Exclusive Neural Network Representation of the Quasi-Diabatic Hamiltonians Including Conical Intersections
journal contributionposted on 27.08.2020, 11:35 by Yingyue Hong, Zhengxi Yin, Yafu Guan, Zhaojun Zhang, Bina Fu, Dong H. Zhang
We propose a numerically simple and straightforward, yet accurate and efficient neural networks-based fitting strategy to construct coupled potential energy surfaces (PESs) in a quasi-diabatic representation.
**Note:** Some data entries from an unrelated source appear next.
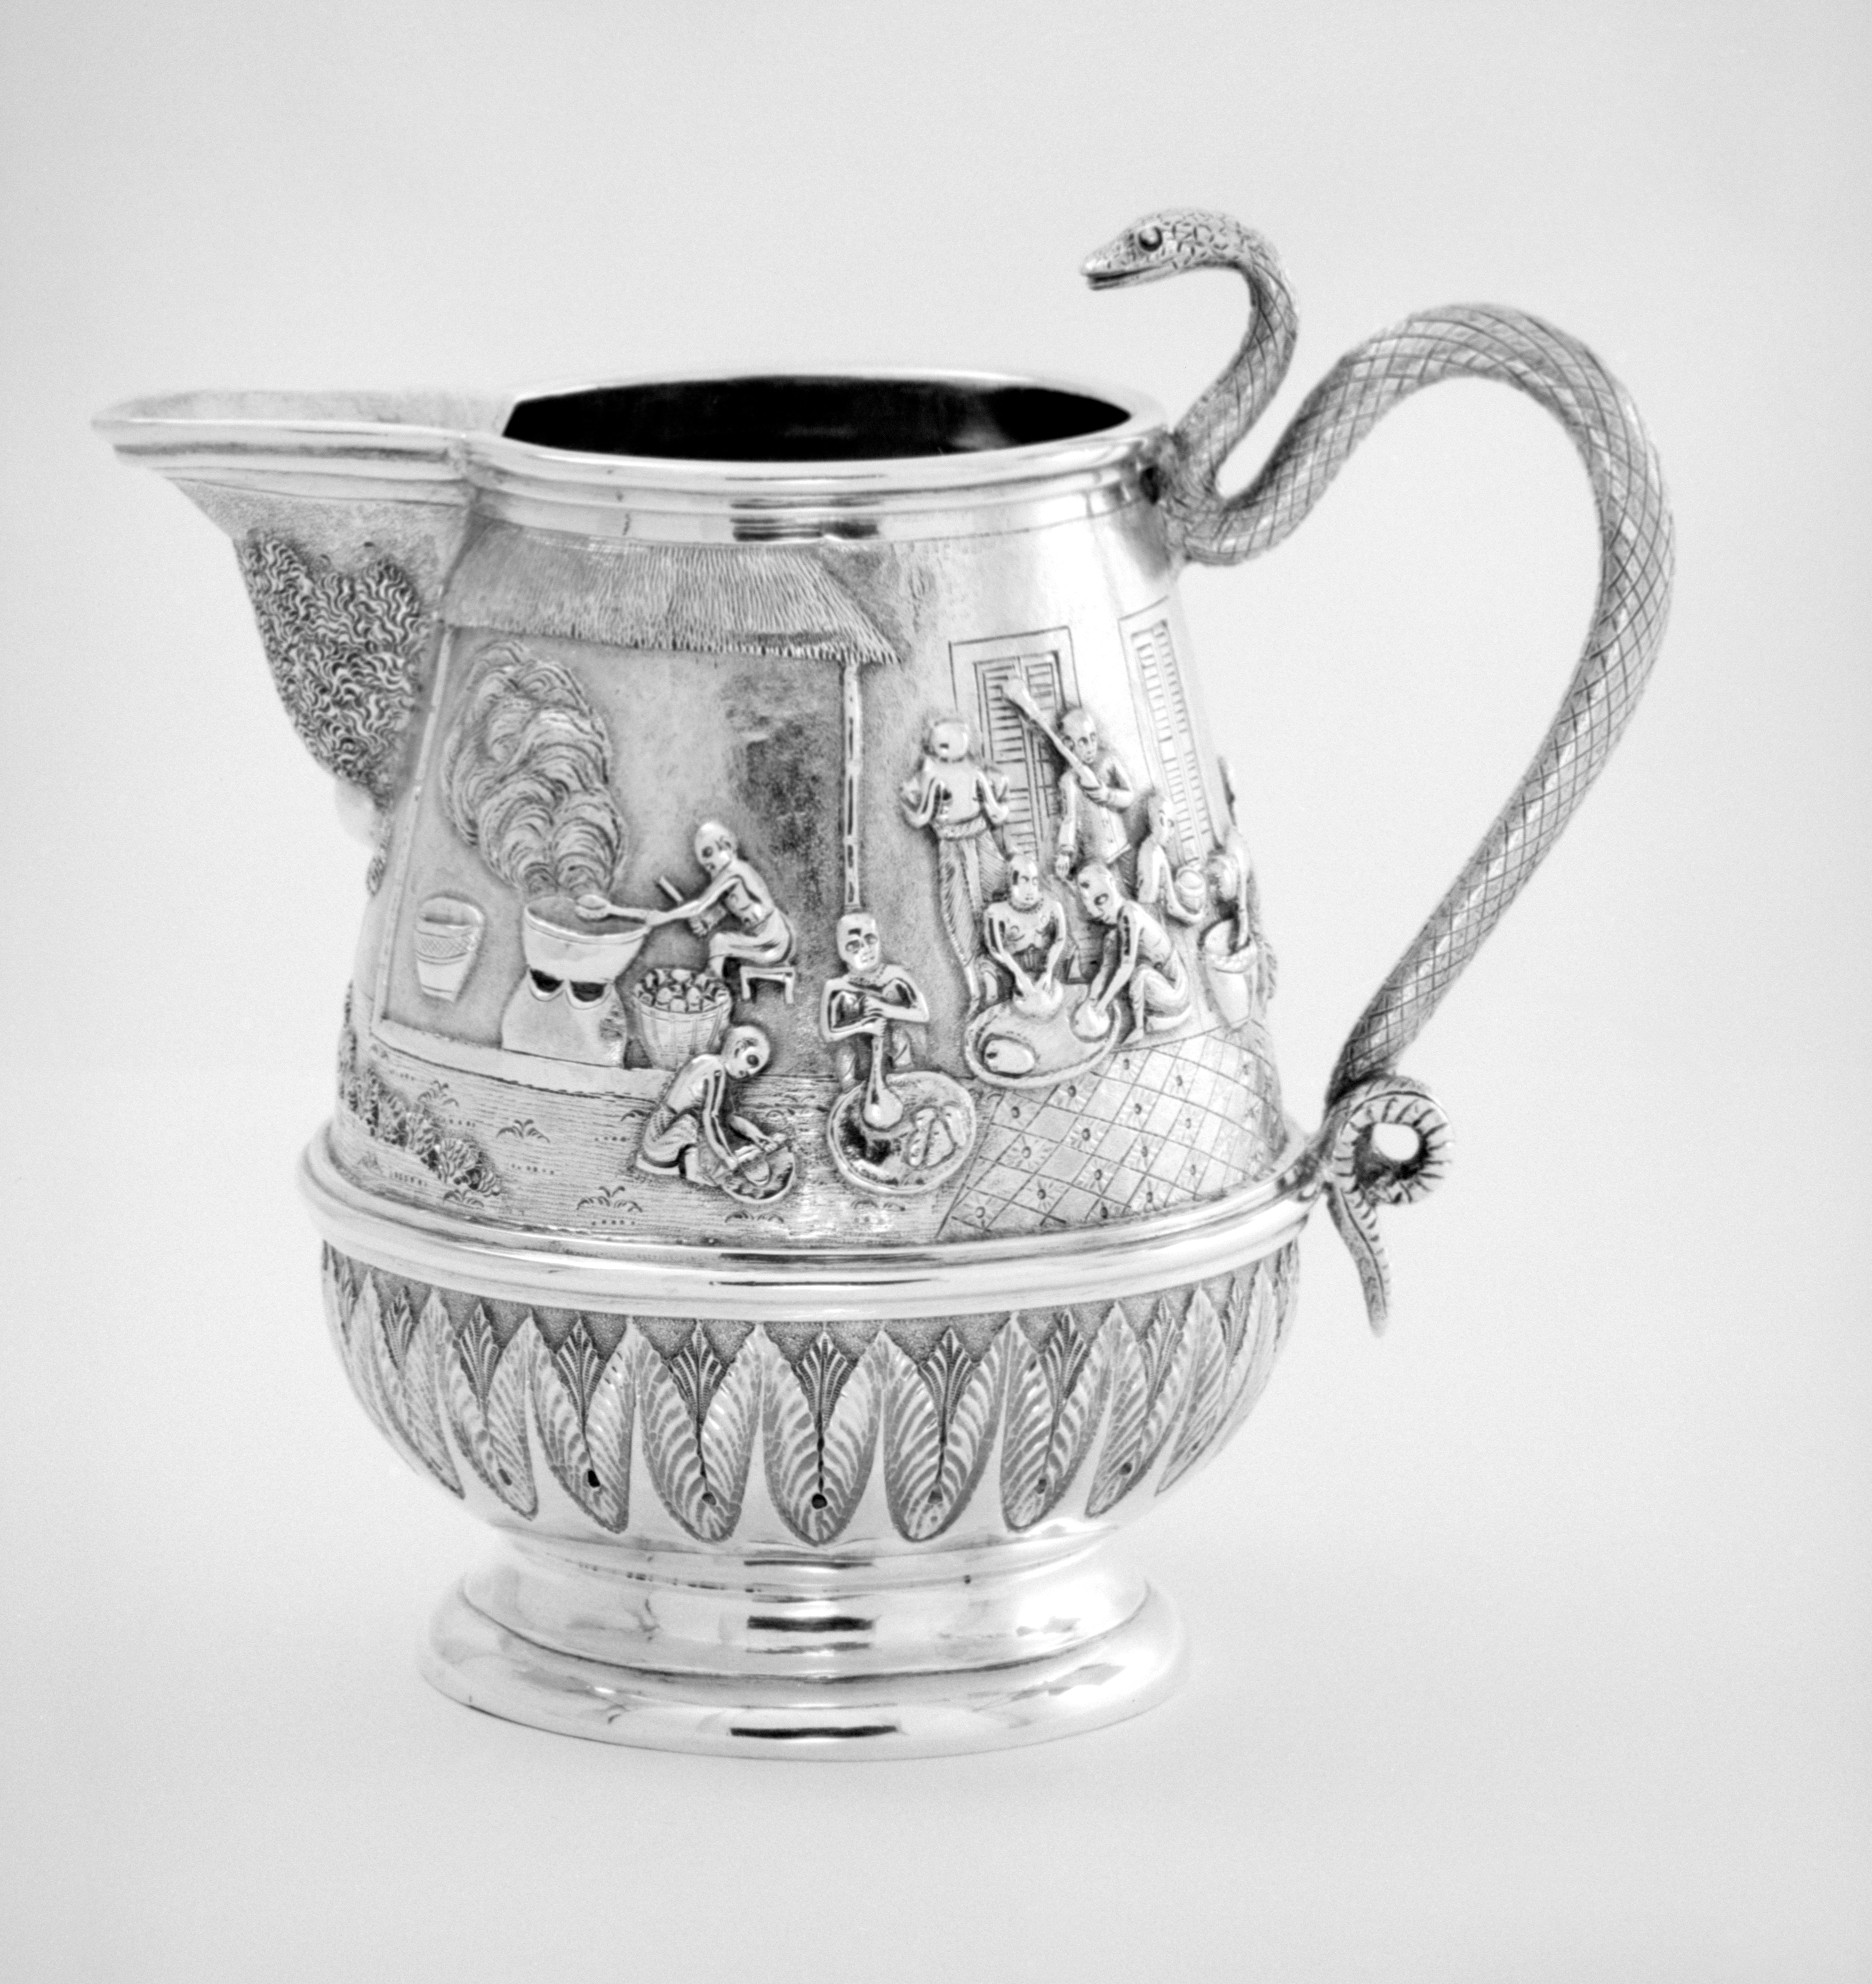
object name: cream pitcher
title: Cream pitcher (part of a set)
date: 1860-1880
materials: silver
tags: food,snakes,cooking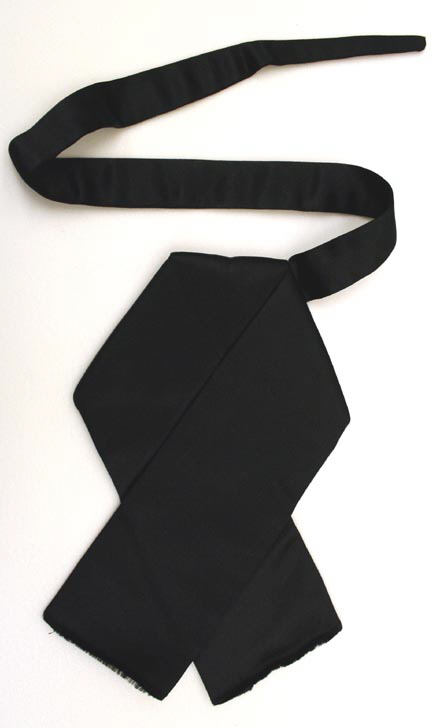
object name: cravat
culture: european
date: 1880-1889
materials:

The fundamental invariants are incorporated to account for the complete nuclear permutation inversion symmetry. Instead of derivative couplings or interstate couplings, a so-called modified derivative coupling term is fitted by neural networks, resulting in accurate description of near degeneracy points, such as the conical intersections. The adiabatic energies, energy gradients, and derivative couplings are well reproduced, and the vanishing of derivative couplings as well as the isotropic topography of adiabatic and diabatic energies in asymptotic regions are automatically satisfied. All of these features of the coupled global PESs are requisite for accurate dynamics simulations. Our approach is expected to be very useful in developing highly accurate coupled PESs in a quasi-diabatic representation in an efficient machine learning-based way.